What the task asks
Your task is to repeat exactly the lines below between the line holding "Returns: one oriented" and the line holding "For example (dummy", inclusive, and only those.

Material for this task
>>>

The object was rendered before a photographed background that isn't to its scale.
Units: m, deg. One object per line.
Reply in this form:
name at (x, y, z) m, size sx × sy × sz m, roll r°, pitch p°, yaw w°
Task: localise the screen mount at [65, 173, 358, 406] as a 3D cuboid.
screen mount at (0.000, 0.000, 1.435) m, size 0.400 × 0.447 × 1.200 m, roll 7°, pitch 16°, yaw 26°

<<<
>>>

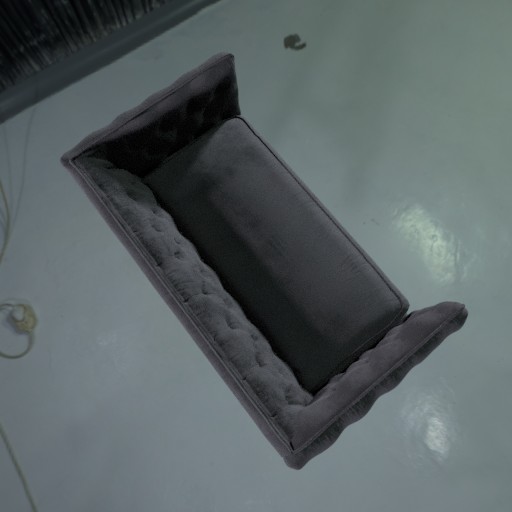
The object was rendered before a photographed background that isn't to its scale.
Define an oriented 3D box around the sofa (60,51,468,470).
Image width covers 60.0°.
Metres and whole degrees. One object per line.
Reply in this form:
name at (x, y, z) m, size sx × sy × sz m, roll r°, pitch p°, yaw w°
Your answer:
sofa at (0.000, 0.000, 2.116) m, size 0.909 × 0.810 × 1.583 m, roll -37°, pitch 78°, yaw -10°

<<<
>>>

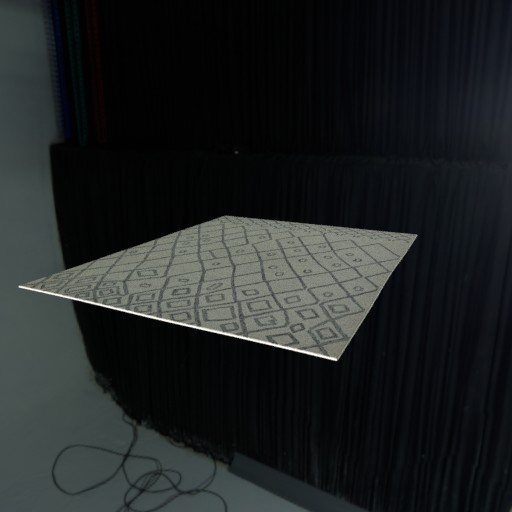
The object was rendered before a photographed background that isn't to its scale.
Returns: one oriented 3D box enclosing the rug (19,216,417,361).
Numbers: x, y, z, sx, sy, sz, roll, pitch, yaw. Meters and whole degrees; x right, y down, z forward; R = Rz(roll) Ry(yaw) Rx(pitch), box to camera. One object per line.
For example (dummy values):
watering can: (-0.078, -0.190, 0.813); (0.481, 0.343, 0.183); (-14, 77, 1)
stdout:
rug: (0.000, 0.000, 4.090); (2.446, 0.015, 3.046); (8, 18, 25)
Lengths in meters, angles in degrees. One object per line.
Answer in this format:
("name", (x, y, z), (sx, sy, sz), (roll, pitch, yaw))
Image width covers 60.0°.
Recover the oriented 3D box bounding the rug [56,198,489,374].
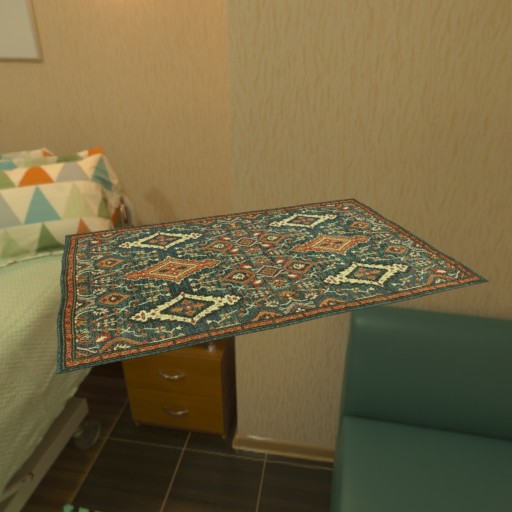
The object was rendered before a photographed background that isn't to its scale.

<<<

Problem solution
Returns: one oriented 3D box enclosing the rug (19,216,417,361).
Numbers: x, y, z, sx, sy, sz, roll, pitch, yaw. Meters and whole degrees; x right, y down, z forward; R = Rz(roll) Ry(yaw) Rx(pitch), box to camera. One object per line.
For example (dummy values):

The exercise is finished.